The clouds disgorged themselves entirely and the snow quit. The man would not, yet. He looked skyward and howled dread. The man would not cover his boy with a cross made from hemlock branches as he had done for the boy’s mother.

The raven dispatched from the juniper branch and circled once before it broke north. Any tracks the men that came to burn him and his boy to the ground were hidden beneath snow. The raven was all he had. He followed. His bare feet ripped and bled marking his tracks in red. He ate mouthfuls of ice and brittle twigs as he went north in the shadow of the raven. The scab on his shoulder froze and split and froze and split and he did not care.

The raven vanished over a ridge and the man wept. The raven reappeared and the man wept and went on. Thick brush tore the skin on his arms. Dusk came and the temperature collapsed and the wolves howled dread. The man howled dread in return and the wolves howled in confusion or dismay and then went silent. His guts quaked and his muscles cramped and spasmed. There were no rabbits to kill. Only men. 

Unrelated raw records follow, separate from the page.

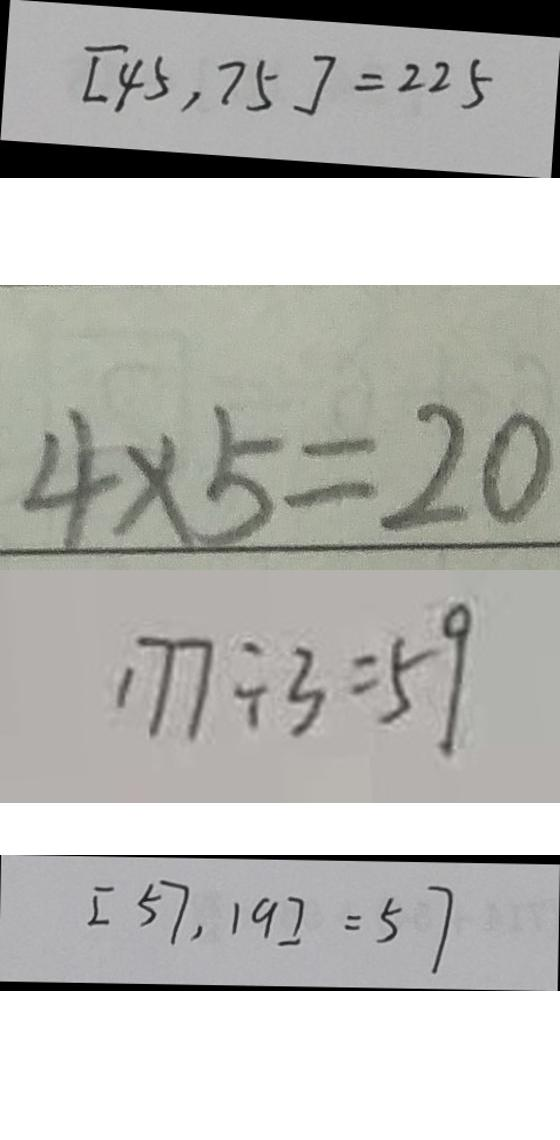<formula> <loc_0><loc_0><loc_500><loc_500>[ 4 5 , 7 5 ] = 2 2 5 
 4 \times 5 = 2 0 
 1 7 7 \div 3 = 5 9 
 [ 5 7 , 1 9 ] = 5 7</formula> 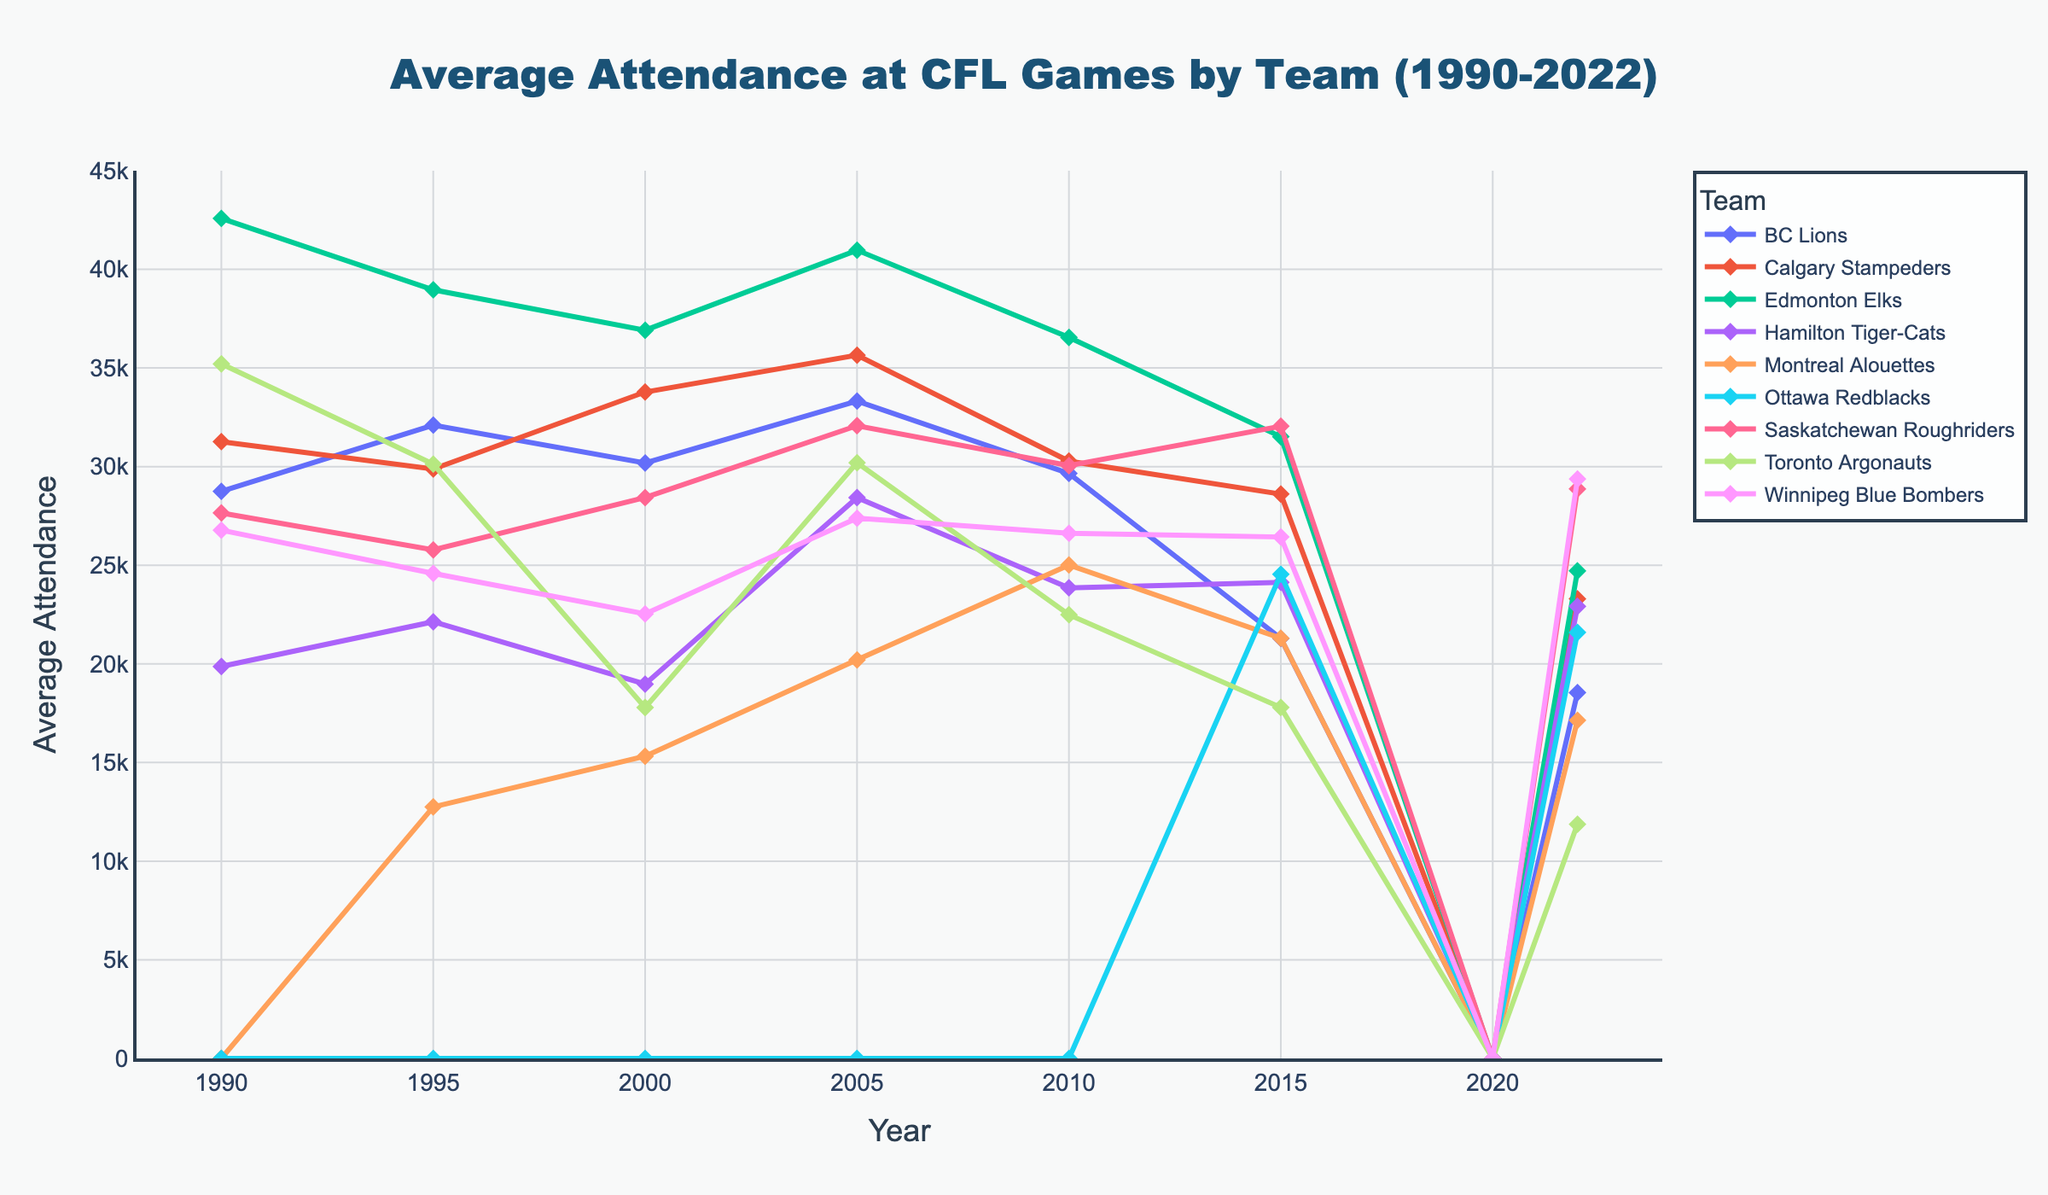Which team had the highest average attendance in 1990? Look at the attendance values for each team in 1990 and identify the highest one. Edmonton Elks had an attendance of 42,580, which is the highest.
Answer: Edmonton Elks Which team had the lowest average attendance in 2022? Examine the attendance values for each team in 2022. The Toronto Argonauts had the lowest attendance at 11,875.
Answer: Toronto Argonauts What is the difference in average attendance between the BC Lions and the Calgary Stampeders in 2005? Identify the attendance for both BC Lions (33,321) and Calgary Stampeders (35,650) in 2005. Calculate the difference: 35,650 - 33,321 = 2,329.
Answer: 2,329 How did the average attendance for the Hamilton Tiger-Cats change from 2000 to 2005? Compare the attendance figures for Hamilton Tiger-Cats in 2000 (18,975) and in 2005 (28,430). The change is calculated as 28,430 - 18,975 = 9,455.
Answer: Increased by 9,455 Which team's average attendance showed the most significant drop from 2010 to 2015? Compare the changes in average attendance for all teams between 2010 and 2015. The BC Lions had the most significant drop, decreasing from 29,658 to 21,290, which is a drop of 8,368.
Answer: BC Lions How did the average attendance for the Montreal Alouettes change from 1995 to 2010? Examine the attendance values for the Montreal Alouettes in 1995 (12,750) and 2010 (25,012). The difference is calculated as 25,012 - 12,750 = 12,262.
Answer: Increased by 12,262 Which team had no recorded attendance in 1990? Look for teams with an attendance of 0 in 1990. The Montreal Alouettes did not have recorded attendance data for that year.
Answer: Montreal Alouettes What was the average attendance of Ottawa Redblacks in 2022? Identify the attendance value for Ottawa Redblacks in 2022, which is 21,593. Since there is only one value, the average is the same.
Answer: 21,593 Which team had the highest average attendance in 2020? Since COVID-19 led to the cancellation of the 2020 CFL season, the attendance for all teams in 2020 is 0.
Answer: No team What is the range of average attendance values for the Winnipeg Blue Bombers from 1990 to 2022? Identify the minimum and maximum attendance values for Winnipeg Blue Bombers between 1990 and 2022. The minimum is 22,535 (in 2000) and the maximum is 29,376 (in 2022). The range is calculated as 29,376 - 22,535 = 6,841.
Answer: 6,841 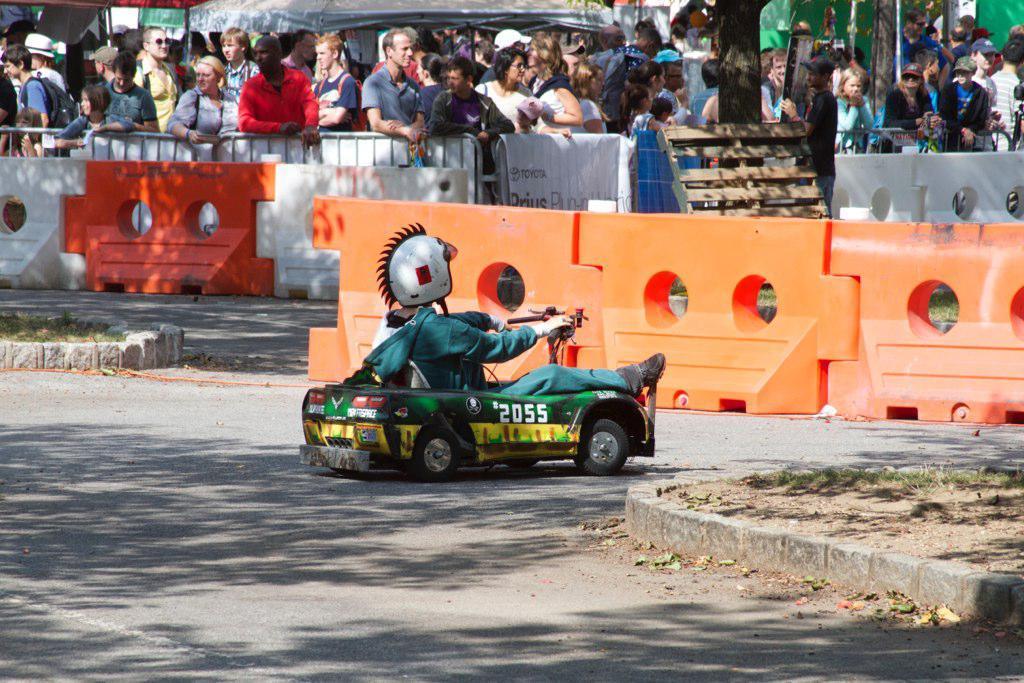Please provide a concise description of this image. In this picture there is a person riding vehicle on the road. At the back there are group of people standing behind the railing and there are tents and there is a tree. In the foreground there are objects on the road. At the bottom there is a road and there is grass. 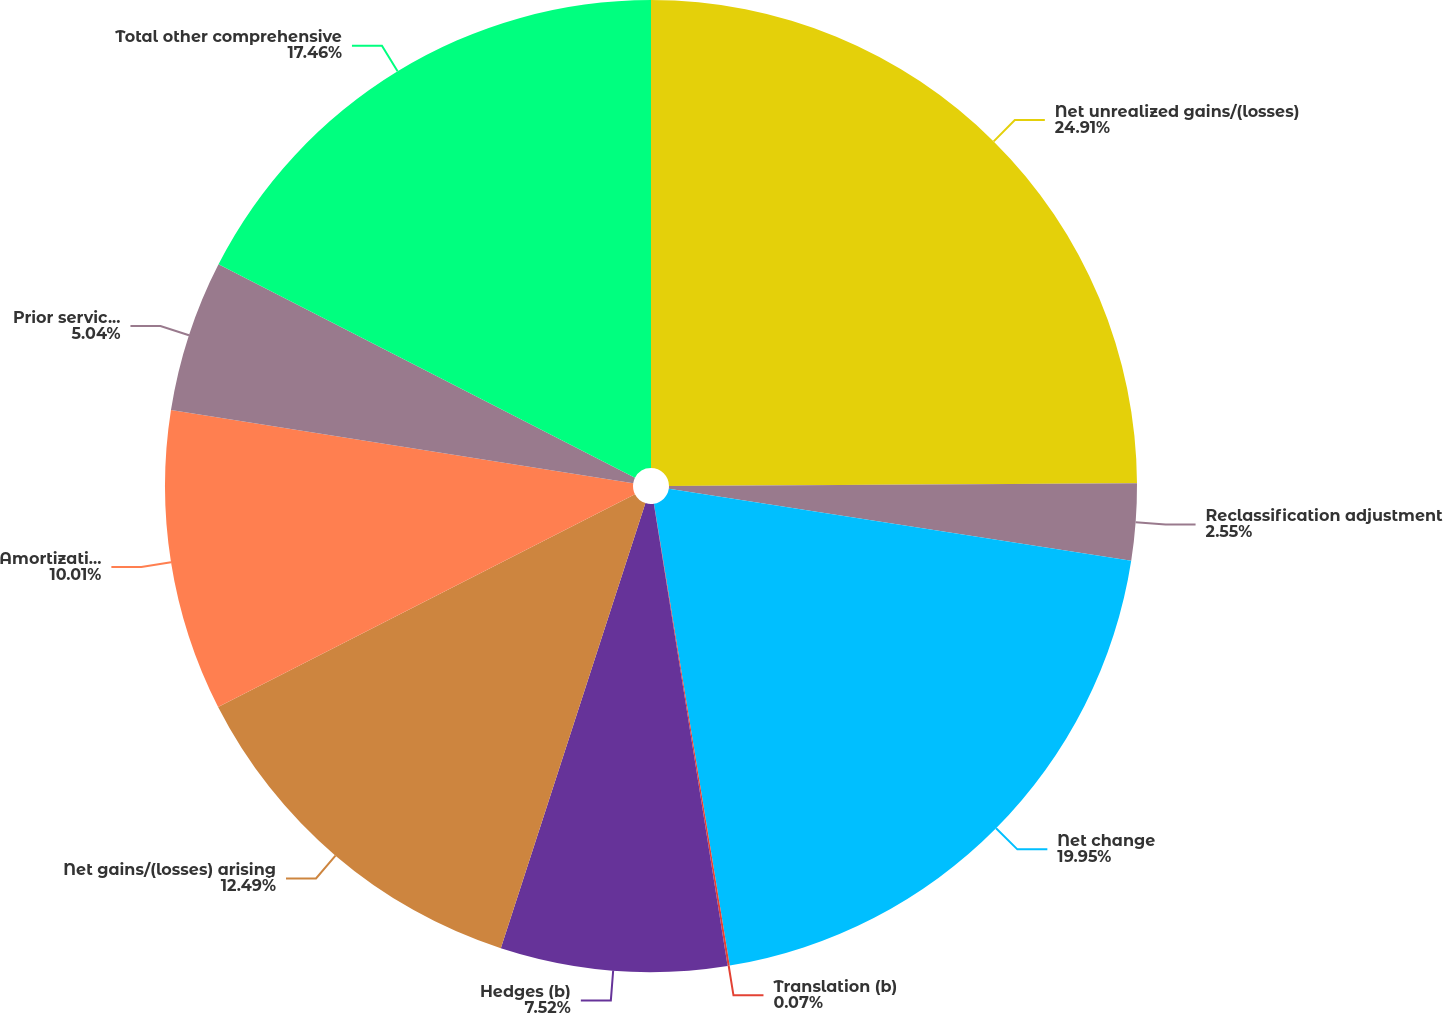Convert chart. <chart><loc_0><loc_0><loc_500><loc_500><pie_chart><fcel>Net unrealized gains/(losses)<fcel>Reclassification adjustment<fcel>Net change<fcel>Translation (b)<fcel>Hedges (b)<fcel>Net gains/(losses) arising<fcel>Amortization of net loss<fcel>Prior service costs/(credits)<fcel>Total other comprehensive<nl><fcel>24.91%<fcel>2.55%<fcel>19.95%<fcel>0.07%<fcel>7.52%<fcel>12.49%<fcel>10.01%<fcel>5.04%<fcel>17.46%<nl></chart> 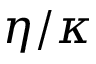<formula> <loc_0><loc_0><loc_500><loc_500>\eta / \kappa</formula>

The raven clicked its broad beak and the man pushed himself from the depths of a ravine, scuttled across bare granite, smooth and cold as his exposed shoulder bone, as dense as his hate. His bare feet slipped and the fingers in his right hand snapped as the he tried to arrest his fall. His ribs broke when he slammed against a mammoth beech tree. Coughing brought a taste of copper and despair. The man rose and retraced his route across the granite, guided by his bloodstains. 

Night fell. A seamless void. The only living things were the raven and the man’s hate. The stars wanted no part of him. Wind pressed through crags and rock fissures. He went on. Dawn came and the void relented to the intruders of a low-slung sun and a tormented man. 

The raven clacked and dove low. The man saw it and knew.  His skin warmed as if he was naked beside a fire. The raven returned to him and the man snapped its neck and dropped it to the ground. Nothing was to leave this place but the man.

He stood at the door on black feet. His broken fingers hung like pebbles in a sack. His skin was flush with the promise of the death he would provide. He entered the building and studied the sleeping men. The beaver and bear and wolf pelts they had stolen from him were stacked in bundles he himself wound with dried horse gut from his last mare. It stank of greed and bear grease and wood and opium smoke. A soft glow of a hearth fire was their death aura. The man pried the jaws of a bear trap open and stood above the once seen stranger that tried to burn his life away. He harbored no doubt at the man’s identity and lowered the trap to the man’s skull. He sprung it and the jaws pierced the bastard’s skull before his death chortle emerged. An axe taken from the hearth killed a second man. A Bowie knife killed the third. The same knife severed the Achilles tendons of the last man. He left him alive with smashed wrists from the blunt edge of the axe. 

The man turned lamps upside down, spilling oil on the wood floor and the straw mattresses. He pulled embers from the fire and strew them about the single room structure. The fire caught. He pulled two bear skins from a stack and stepped outside and wrapped himself in a pelt.  He sliced the second skin into strips and made covers for his feet and his head. He watched the fire engorge itself on the structure and wondered if those men had done the same while his boy suffocated on smoke and the wooden beam burned away his skin. The last man screamed at the fire's retaliation. The man turned from this destruction of men.

He walked. Wolves howled dread and he let them rejoice. Night swallowed the world. He walked. Dawn came. He returned to his boy, blanketed with crimson ice. With his good hand he scraped his boy clear of the ice. The man arranged the boy's hair and then broke a branch from the hemlock and set them on the boy’s chest in a cross. Over this he lay the bear skin and tucked it under the boy's body. The man lay beside his boy and wept. He rubbed his fingertips together beneath his blackened nostrils and breathed in the scent of spring waters, and honeysuckle.

Night came and the wolves howled dread.